Omeka.net for Digital Exhibits (and a Historic Plaques of Ontario Website)

A couple years ago at a library technology conference, a respected colleague mentioned offhand that, “You could always make an Omeka exhibit.” While those around me nodded, I had no idea what Omeka was, so put it on my list to find out sometime.

Omeka came up again recently when the Toronto Area Archivists’ Group (TAAG) announced an upcoming introductory workshop. It turned out that Omeka could be something very useful for my work in the heritage and culture sector. I thank my employer for sending me to the TAAG course, taught by University of Toronto Digital Scholarship Librarian Leslie Barnes, which finally demystified Omeka for me.

What is Omeka?

Per Omeka.net, Omeka is a web publishing platform for sharing digital collections and creating media-rich online exhibits. You can:

  • Share your collections
    Upload and describe items with structured metadata and make them more discoverable.
  • Create interactive digital exhibits
    Combine narrative text with digital media to offer rich interpretation of your collections.
  • Publish for many platforms
    Design one website accessible for phones, tablets, and desktops.

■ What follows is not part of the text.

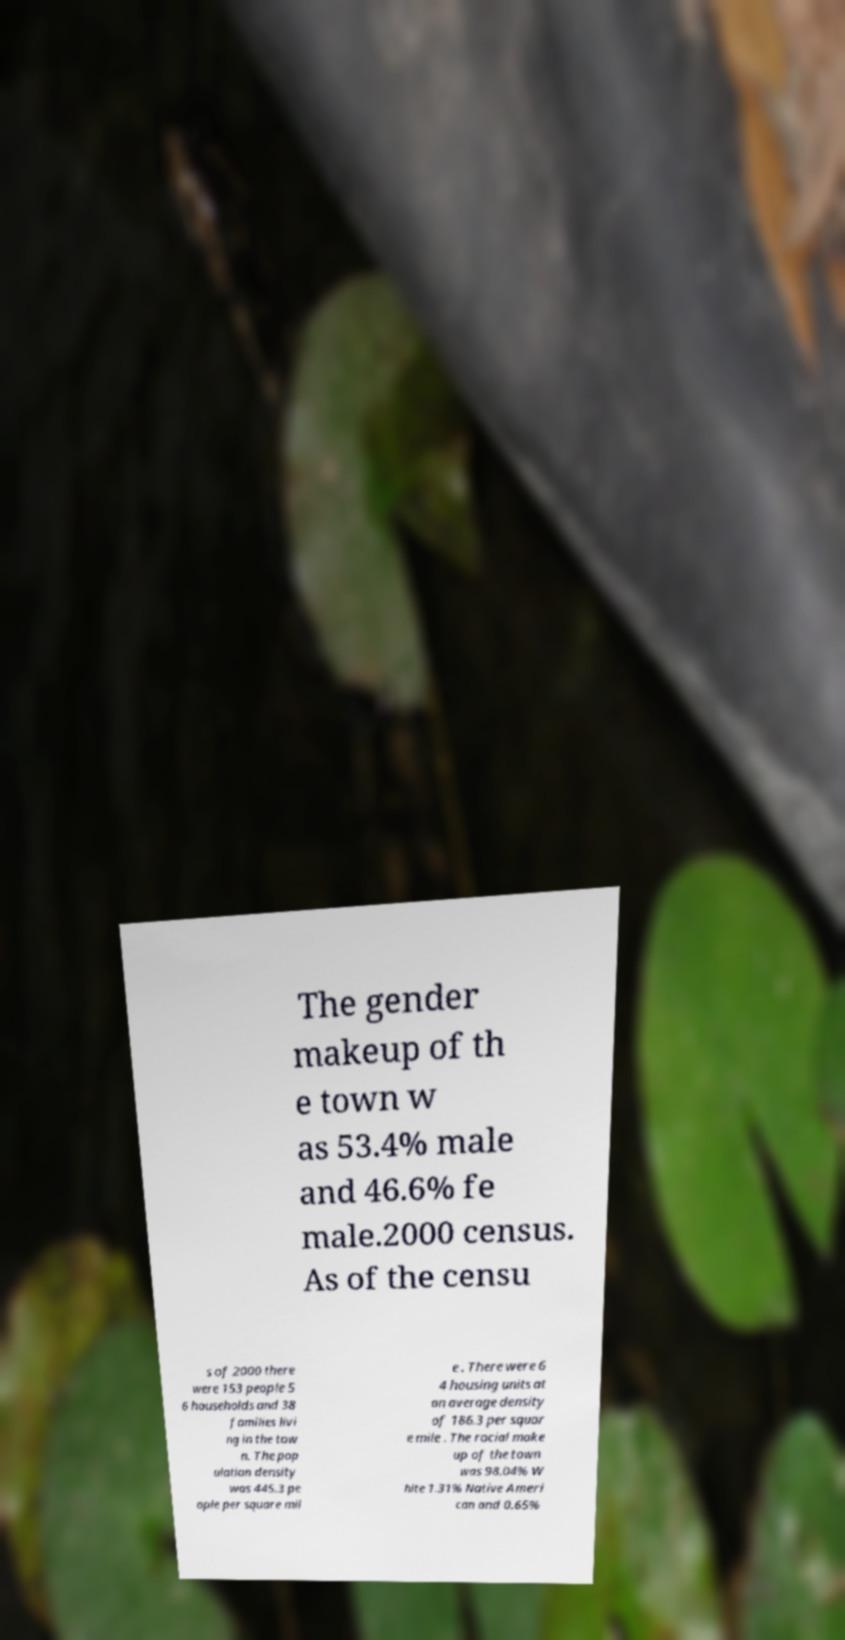Please read and relay the text visible in this image. What does it say? The gender makeup of th e town w as 53.4% male and 46.6% fe male.2000 census. As of the censu s of 2000 there were 153 people 5 6 households and 38 families livi ng in the tow n. The pop ulation density was 445.3 pe ople per square mil e . There were 6 4 housing units at an average density of 186.3 per squar e mile . The racial make up of the town was 98.04% W hite 1.31% Native Ameri can and 0.65%

There is a free version of Omeka.net for one site with limited themes and plugins, and a paid version starting at $35/year with enhanced features. (Note that Omeka.net is a hosted service, while Omeka S is a web publishing platform for institutions to install on their own servers, and not the subject of this post.)

There are many excellent Omeka tutorials online (see bottom). The best way I’ve found to understand and imagine what Omeka.net can do is to look at sample sites (again, see bottom).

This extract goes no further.